[Records from a data collection]
• • •

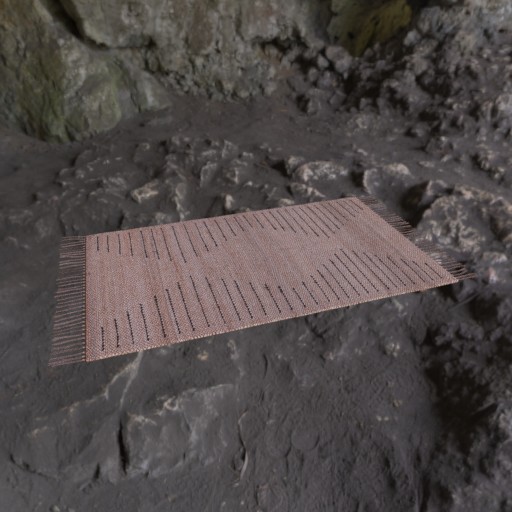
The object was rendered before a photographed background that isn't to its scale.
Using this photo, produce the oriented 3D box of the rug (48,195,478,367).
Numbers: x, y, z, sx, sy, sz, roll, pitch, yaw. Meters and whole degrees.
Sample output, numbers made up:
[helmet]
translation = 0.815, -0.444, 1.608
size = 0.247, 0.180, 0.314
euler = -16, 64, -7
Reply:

• • •

* EXERCISE BRIEF *
Each entry above should be written out again exactly, without its pictures.

* OUTPUT OF THE TASK *
The object was rendered before a photographed background that isn't to its scale.
Using this photo, produce the oriented 3D box of the rug (48,195,478,367).
Numbers: x, y, z, sx, sy, sz, roll, pitch, yaw. Meters and whole degrees.
Sample output, numbers made up:
[helmet]
translation = 0.815, -0.444, 1.608
size = 0.247, 0.180, 0.314
euler = -16, 64, -7
Reply:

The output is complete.